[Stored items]
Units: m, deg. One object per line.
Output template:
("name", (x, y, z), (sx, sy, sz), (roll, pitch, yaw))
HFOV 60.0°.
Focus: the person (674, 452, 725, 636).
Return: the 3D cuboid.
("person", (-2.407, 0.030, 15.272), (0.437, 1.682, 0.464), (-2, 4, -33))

▶ _Required action_: Print exactly, and only, the lines from the line containing "Focus: the person (674, 452, 725, 636)." through the final line of the records, both included.

▶ _Answer to the problem_:
Focus: the person (674, 452, 725, 636).
Return: the 3D cuboid.
("person", (-2.407, 0.030, 15.272), (0.437, 1.682, 0.464), (-2, 4, -33))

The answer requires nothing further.